With Jeff, for the first time, forever became the most comfortable place I ever knew. I easily banished the future.  I stopped looking beyond and stopped looking forward in favor of our wonderful right now.

There were two times in our shared life when I can say I was truly clueless.  There might have been a few others, but if there were, I’m still clueless about them.

I really can’t explain what bug bit me in July of 2000. I pretty much went from zero to 110, from status quo to let’s rock this boat.

I started hinting that I’d really like to be engaged. Not so much for relationship security, as a logical progression, at least in my mind.

I might have asked at least once a day for a few weeks. “Can we be engaged?”

And Jeff would smile and either say, “I’ll think about it…” or answer, “Eventually.”

I’d laugh and say, “Think faster!” or “When’s eventually?”

Not being engaged wasn’t breaking my heart.  We were ‘we,’, and that was that.

Don’t get me wrong. I didn’t give up. I continued sneaking in my request as odd times when he might just be caught off guard; in the morning, in the evening, commuting, at home, grocery shopping.

Like that Friday night in July. Jeff was laid out on the living room floor, head on a pillow, asking of I’d roll over his cramping calves with a heavy wooden pin.

After 20 loving minutes of trundling, I threw my wild pitch. “Are you sure we can’t get engaged?”

To which, Jeff languidly replied, “If you keep doing what you’re doing, I’ll do anything you want.”

“Really?” I asked.

He took a long breath.”Yeah, OK.” he responded.

I pressed, “So… we’re engaged?”

“Yes,” Jeff sighed, sitting up. “But… I was going to ask you tomorrow… at the airport when we picked up your mom.”

I sat there open-mouthed and silent, holding the rolling pin. Jeff was very hard to disappoint, and I had tremendously succeeded in disappointing us both.
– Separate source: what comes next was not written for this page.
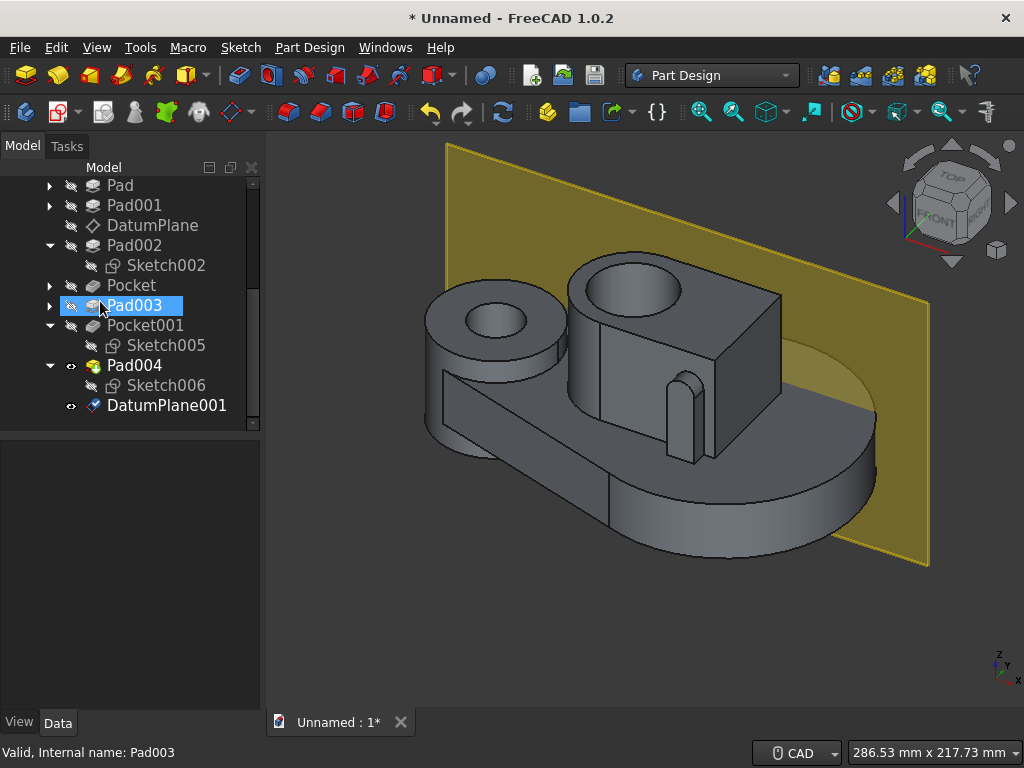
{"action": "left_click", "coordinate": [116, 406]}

“Well,” I said, “You can still…”

“Nah,” he interrupted. “That would be silly,” and then mentioned something about talking to my Dad.

I wasn’t really listening, because  I was fighting tears. Jeff took my hands, and told me, “Don’t cry. It doesn’t matter. We’re engaged, now.”

I nodded in silent agreement, then Jeff suddenly and loudly war-whooped, pumped his arm into the air and shouted, “I’m ENGAGED!”

Of course he was right. I laughed and snuggled up and was happy.

If you’re wondering why my mother decided to visit at that particular time, I can assure you – I wasn’t.

I don’t remember going to the airport or coming home, but I do remember Jeff was on the couch and I was standing up and Mom was standing by the front window when we phoned my father.

“Dad!” I told him, “Jeff engaged me!”

A few years after Jeff passed, I was telling the story of how I coerced him with a rolling pin, and pointing out how I’d never been proposed to when my dimmer switch suddenly cranked to high. I finally put two-and-two together, as the saying goes.

Honestly.  Until that moment, it has never occurred to me that was the reason my mother had decided to come visit. I asked her about it and right after she exclaimed, “Really? You didn’t figure that out?”

She went on to explain that Jeff had called my Dad , not so much asked for permission but to explain why he wanted to spend the rest of his life with me.

It breaks my  heart now, that I was so caught up in my happiness, that I didn’t realize my Dad didn’t come because he couldn’t. I didn’t realize the full impact of him saying, “I wish I could be there,” or how sad that must have made him.

It breaks my heart now that I took that special celebratory opportunity away from both of us.

I leave out these sad parts when people ask how Jeff proposed.

I usually manage a smile and say, “He didn’t… I convinced him with a rolling pin.”